# The problem:
For the data below, report only the number of lines containing the string "Your".

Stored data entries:
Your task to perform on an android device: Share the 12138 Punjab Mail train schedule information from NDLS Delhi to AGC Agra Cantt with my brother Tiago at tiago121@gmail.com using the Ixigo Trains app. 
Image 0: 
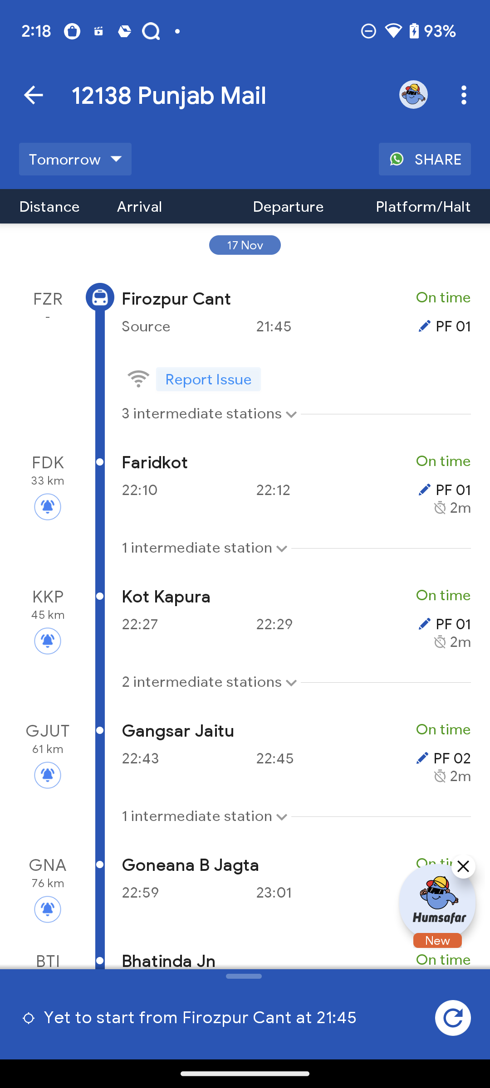
Click on the SHARE option at the top right corner of the screen
Step 0: click (408, 160)
Image 1: 
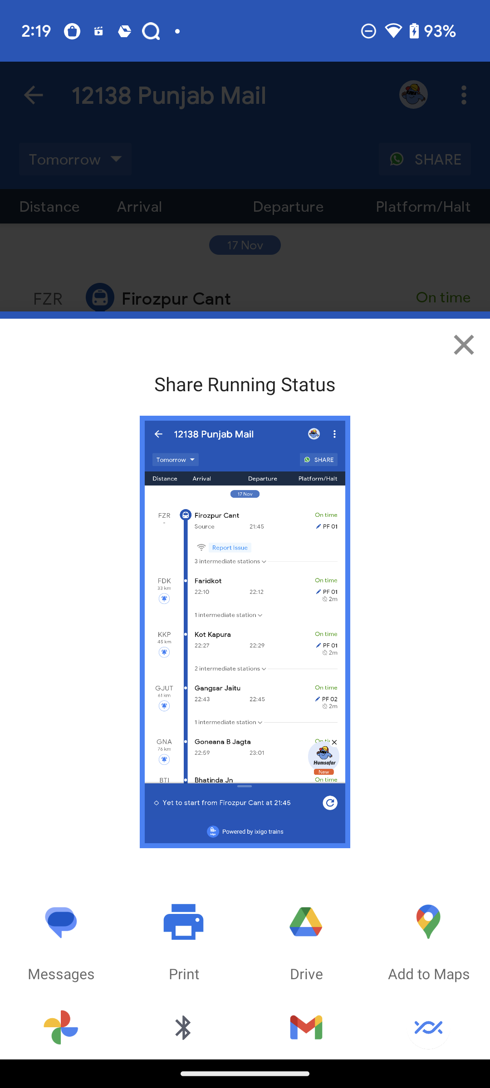
Click on the SHARE option at the top right corner of the screen
Step 1: wait
Image 2: 
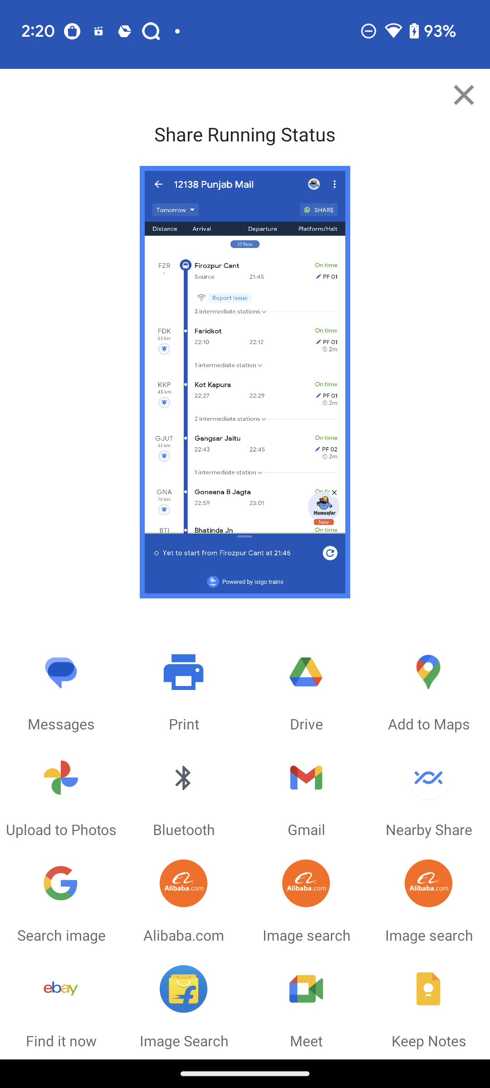
Click on the Gmail option
Step 2: click (245, 782)
Image 3: 
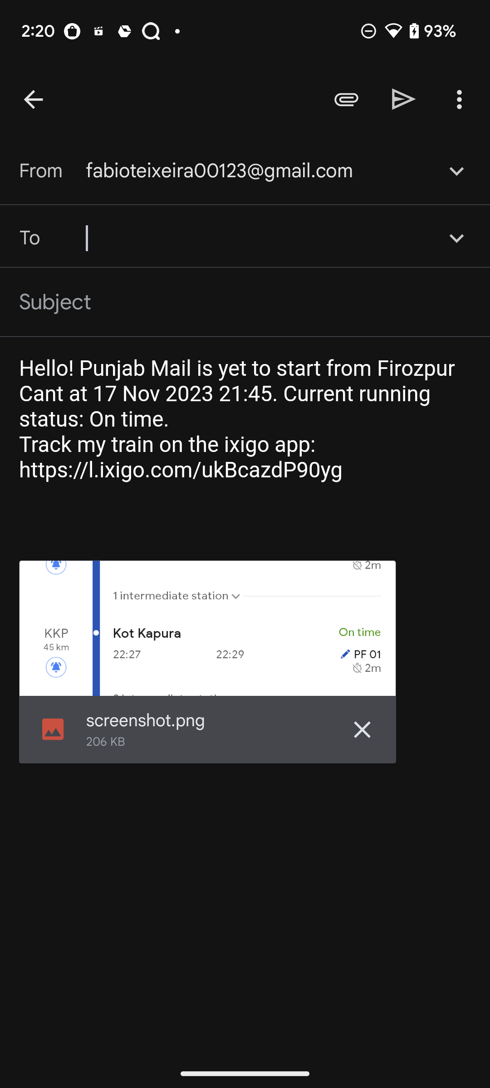
Add recipient as tiago121@gmail.com
Step 3: type "tiago121@gmail.com"
Image 4: 
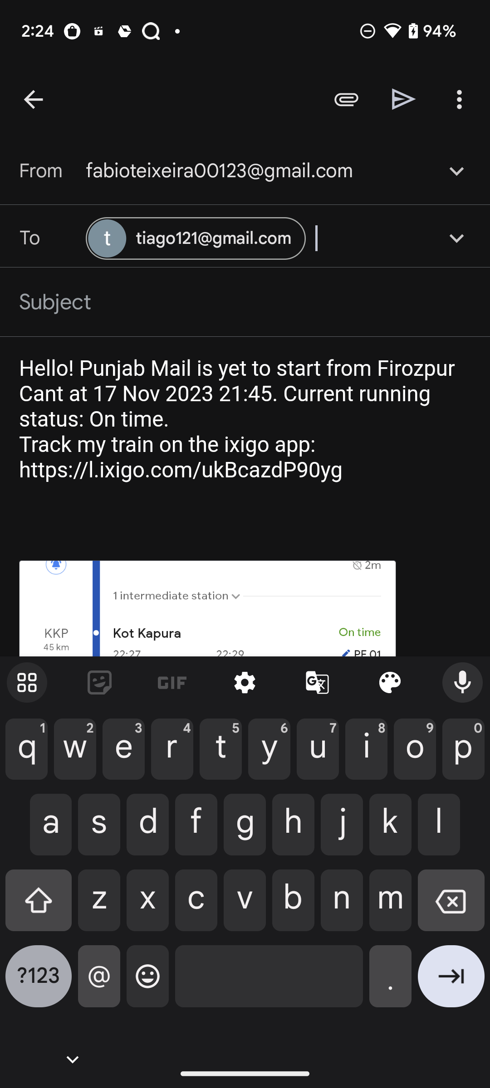
Click on the send icon at the top right corner of the screen
Step 4: click (404, 99)
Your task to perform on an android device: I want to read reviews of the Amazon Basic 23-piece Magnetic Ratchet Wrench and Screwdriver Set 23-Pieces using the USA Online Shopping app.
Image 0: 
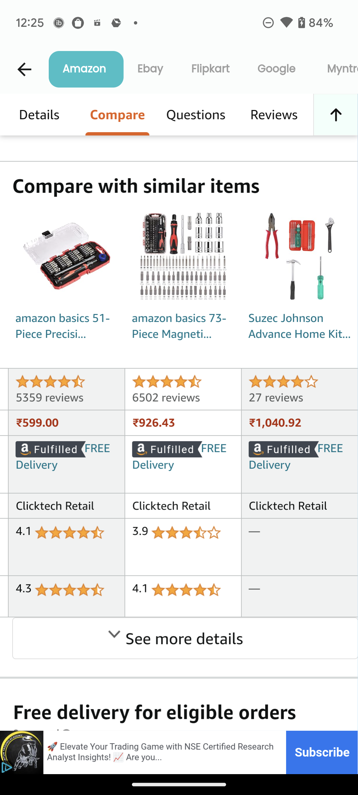
Click on the Reviews option at the top of the screen
Step 0: click (274, 116)
Image 1: 
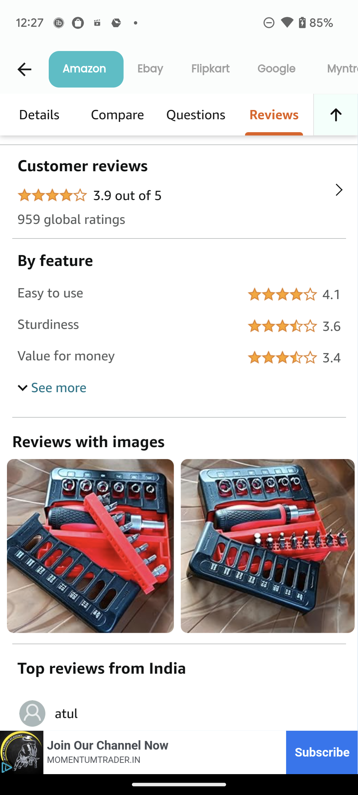
swipe up 
Step 1: scroll down
Image 2: 
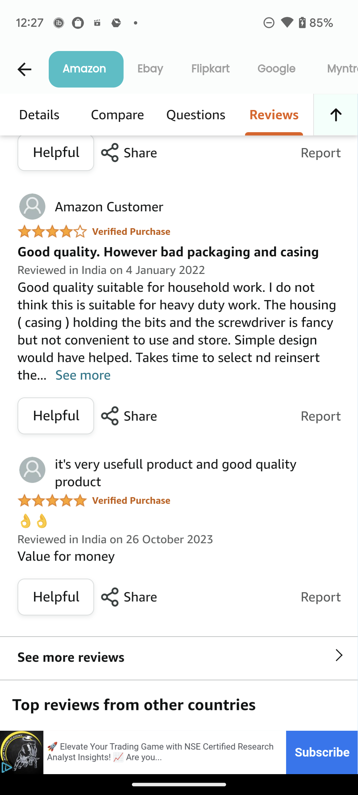
Click on See more reviews
Step 2: click (71, 657)
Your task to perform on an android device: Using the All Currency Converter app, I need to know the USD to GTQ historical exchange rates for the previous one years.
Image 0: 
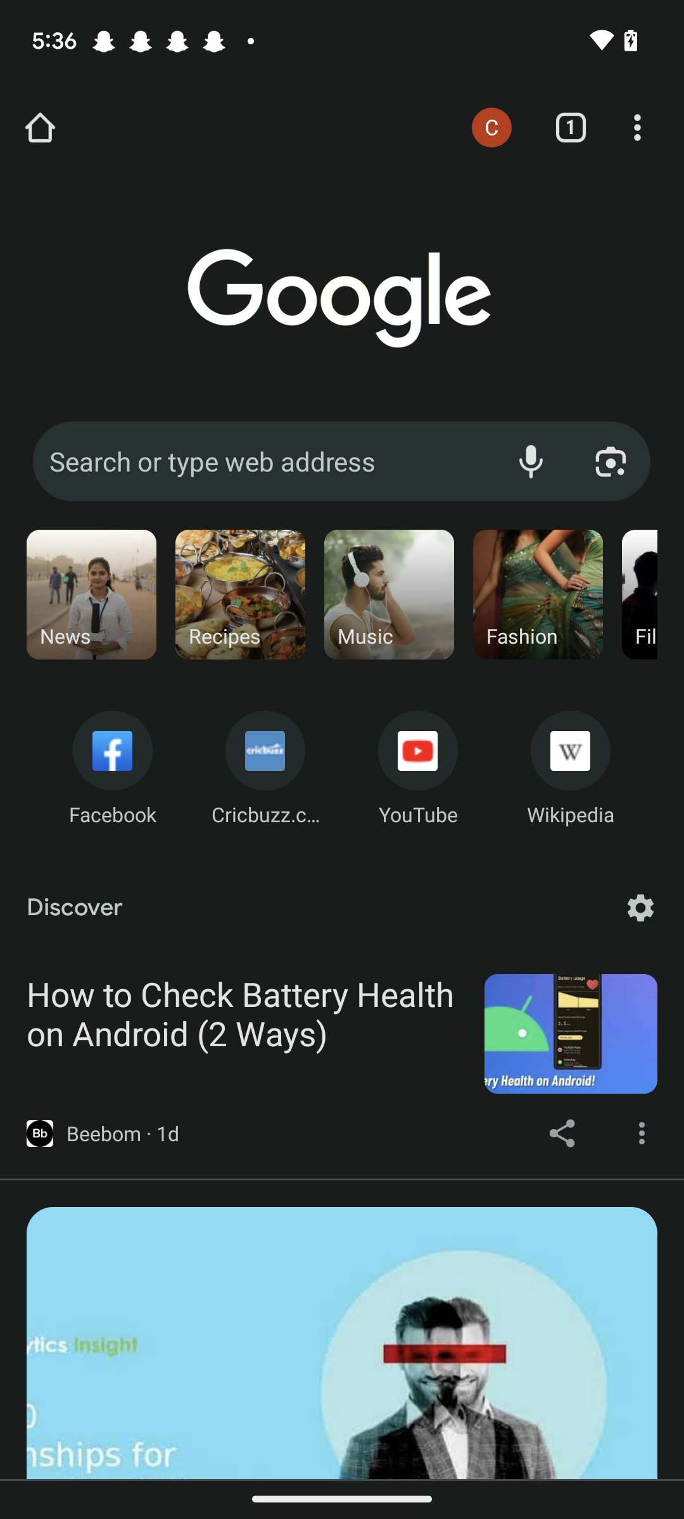
Open the  All Currency Converter app
Step 0: open app "All Currency Converter"
Image 1: 
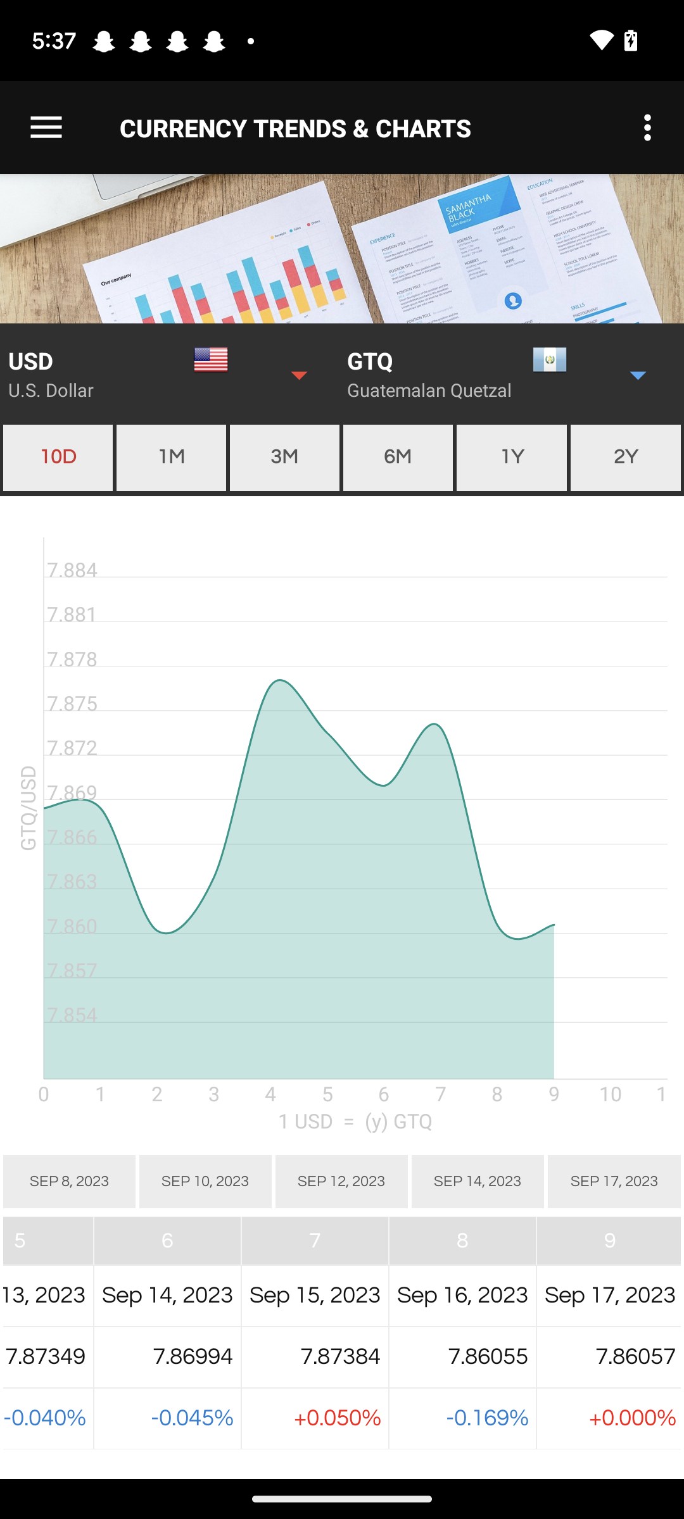
Click on the 1Y tab 
Step 1: click (511, 458)

# Result of the task:
3